== PROMPT ==
Leave out any picture and return the remaining listing below exactly as given.

___ DATASET SECTION ___

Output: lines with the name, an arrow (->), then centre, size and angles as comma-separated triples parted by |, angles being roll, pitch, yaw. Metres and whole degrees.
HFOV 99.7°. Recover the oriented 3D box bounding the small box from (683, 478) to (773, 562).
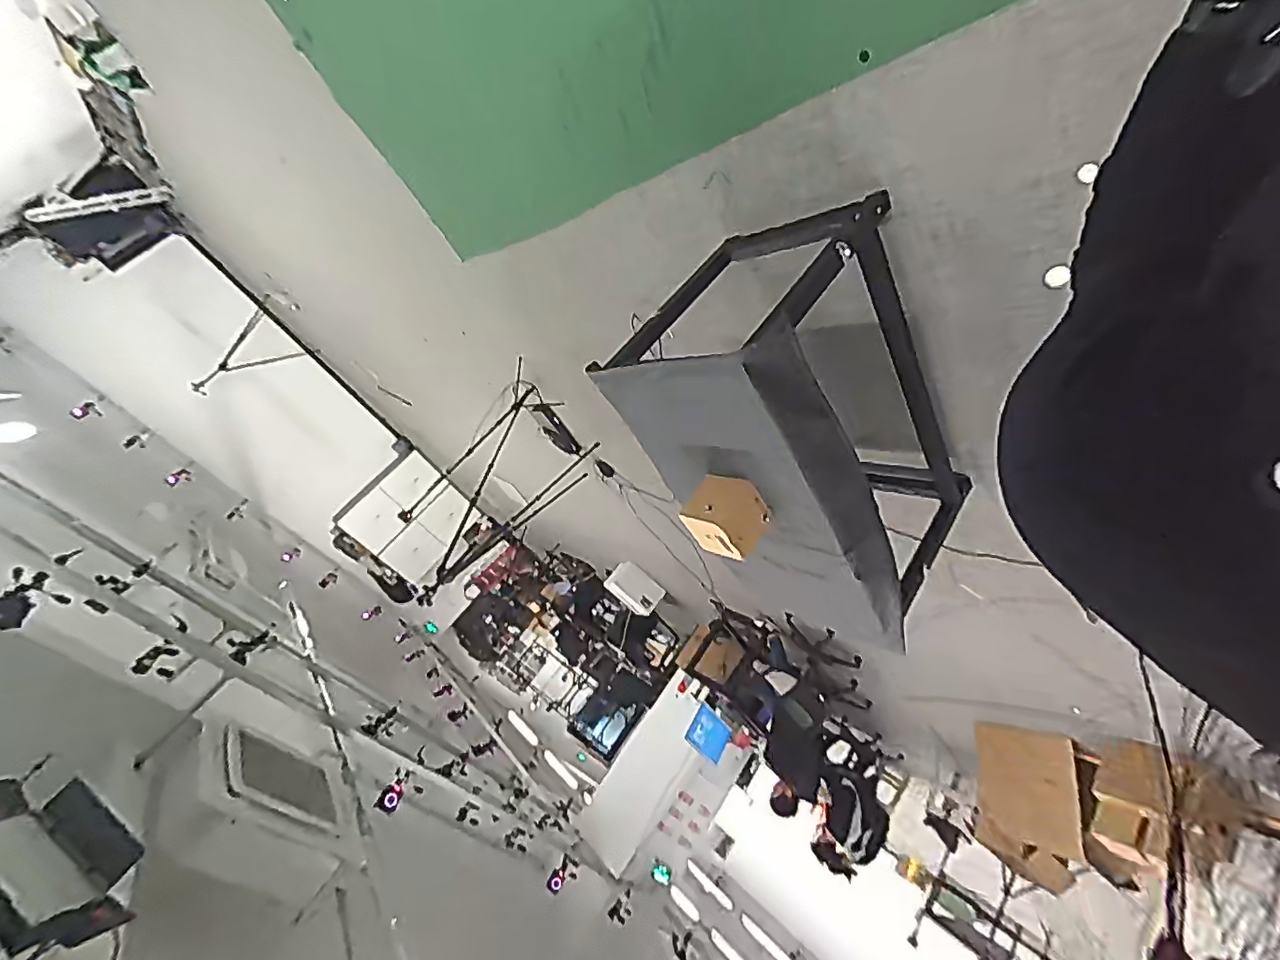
small box -> 0.266, 0.110, 1.585 | 0.179, 0.176, 0.168 | 13, 146, 53

___

== ANSWER FOR THE TASK ==
Output: lines with the name, an arrow (->), then centre, size and angles as comma-separated triples parted by |, angles being roll, pitch, yaw. Metres and whole degrees.
HFOV 99.7°. Recover the oriented 3D box bounding the small box from (683, 478) to (773, 562).
small box -> 0.266, 0.110, 1.585 | 0.179, 0.176, 0.168 | 13, 146, 53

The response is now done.